Lately, I’ve been inspired by the incredible projects people have been creating with the help of Copilot. This sparked my curiosity to explore firsthand the experience of coding with a heavy reliance on this tool. I’ve decided to challenge myself by attempting to write some JavaScript code. So, be kind and withhold judgement on any of the code you see. After all, I’m no JavaScript developer; I’m essentially in GPT-4’s hands here 😎.
The goal
The goal is straightforward: for any given American football NFL event video feed, I want to map the pixels in the video to their corresponding real-world coordinates. Essentially, I want to pinpoint the location of the ball, the players, the goal, etc. The simplest approach to tackle this problem consists of working at the frame level and figuring out how to match each image to a predefined pitch template.

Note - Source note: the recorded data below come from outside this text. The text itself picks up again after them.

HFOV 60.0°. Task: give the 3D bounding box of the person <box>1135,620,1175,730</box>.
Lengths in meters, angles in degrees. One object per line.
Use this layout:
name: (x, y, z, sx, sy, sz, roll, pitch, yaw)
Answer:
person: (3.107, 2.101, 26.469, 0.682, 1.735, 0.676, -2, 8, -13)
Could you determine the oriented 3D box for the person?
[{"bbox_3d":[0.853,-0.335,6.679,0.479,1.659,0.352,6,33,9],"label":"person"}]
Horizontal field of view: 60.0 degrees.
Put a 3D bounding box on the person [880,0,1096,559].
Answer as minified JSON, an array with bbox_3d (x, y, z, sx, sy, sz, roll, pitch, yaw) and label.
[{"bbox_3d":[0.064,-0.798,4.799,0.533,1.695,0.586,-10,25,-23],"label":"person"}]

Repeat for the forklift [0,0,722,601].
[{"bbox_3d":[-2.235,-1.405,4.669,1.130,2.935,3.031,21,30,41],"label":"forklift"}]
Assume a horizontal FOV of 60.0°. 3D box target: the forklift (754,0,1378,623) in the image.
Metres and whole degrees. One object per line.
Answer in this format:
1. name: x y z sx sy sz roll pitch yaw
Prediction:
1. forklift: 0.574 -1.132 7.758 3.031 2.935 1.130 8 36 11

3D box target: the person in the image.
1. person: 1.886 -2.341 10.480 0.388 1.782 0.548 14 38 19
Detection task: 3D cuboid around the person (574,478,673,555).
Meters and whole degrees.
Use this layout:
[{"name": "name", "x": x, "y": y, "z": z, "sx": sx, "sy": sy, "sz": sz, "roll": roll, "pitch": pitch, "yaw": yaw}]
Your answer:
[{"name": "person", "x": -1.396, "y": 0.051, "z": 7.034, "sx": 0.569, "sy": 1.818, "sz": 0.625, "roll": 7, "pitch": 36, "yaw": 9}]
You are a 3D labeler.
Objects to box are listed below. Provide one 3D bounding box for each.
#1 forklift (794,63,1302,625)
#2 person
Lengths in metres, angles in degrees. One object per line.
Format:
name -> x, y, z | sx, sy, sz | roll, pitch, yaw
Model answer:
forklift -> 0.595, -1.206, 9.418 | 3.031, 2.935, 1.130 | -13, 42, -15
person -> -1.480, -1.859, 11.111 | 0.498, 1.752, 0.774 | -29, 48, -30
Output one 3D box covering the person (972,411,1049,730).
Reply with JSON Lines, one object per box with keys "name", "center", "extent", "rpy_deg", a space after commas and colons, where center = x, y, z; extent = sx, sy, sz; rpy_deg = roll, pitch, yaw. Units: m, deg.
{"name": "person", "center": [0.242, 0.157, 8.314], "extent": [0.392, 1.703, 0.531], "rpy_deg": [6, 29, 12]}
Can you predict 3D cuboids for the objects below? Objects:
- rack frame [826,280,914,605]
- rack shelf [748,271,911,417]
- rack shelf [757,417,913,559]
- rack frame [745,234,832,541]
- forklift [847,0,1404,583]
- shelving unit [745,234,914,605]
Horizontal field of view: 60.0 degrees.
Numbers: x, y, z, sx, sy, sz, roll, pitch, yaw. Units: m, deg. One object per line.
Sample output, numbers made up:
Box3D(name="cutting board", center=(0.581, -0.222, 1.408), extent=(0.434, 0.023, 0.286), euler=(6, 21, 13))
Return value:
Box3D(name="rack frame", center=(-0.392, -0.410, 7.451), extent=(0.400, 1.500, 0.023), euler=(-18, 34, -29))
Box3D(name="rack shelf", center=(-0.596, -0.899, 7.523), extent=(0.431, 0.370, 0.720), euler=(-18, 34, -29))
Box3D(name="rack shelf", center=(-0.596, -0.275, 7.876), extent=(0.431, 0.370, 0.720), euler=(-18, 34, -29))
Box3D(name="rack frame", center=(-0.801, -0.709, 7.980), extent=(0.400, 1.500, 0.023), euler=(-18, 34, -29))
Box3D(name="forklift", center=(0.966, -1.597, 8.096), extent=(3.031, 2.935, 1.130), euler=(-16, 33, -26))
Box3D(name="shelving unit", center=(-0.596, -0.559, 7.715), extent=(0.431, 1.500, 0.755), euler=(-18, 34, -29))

When I joined StatsBomb, there was a similar and more advanced tool already developed. My goal here was just to be sure I could replicate the entire process from scratch and have a complete understanding of it. So I wanted to develop a simple web app that allows users to upload an image and then find the correspondence between that image and the pitch template. The pitch template is a basic image of the pitch, including lines and goalposts.
The result
Here’s the result for you to explore directly. There are just a few steps to follow:
- Upload image of a NFL game
- Select at least four points in the image and the pitch template. Be sure to select the same points in both images.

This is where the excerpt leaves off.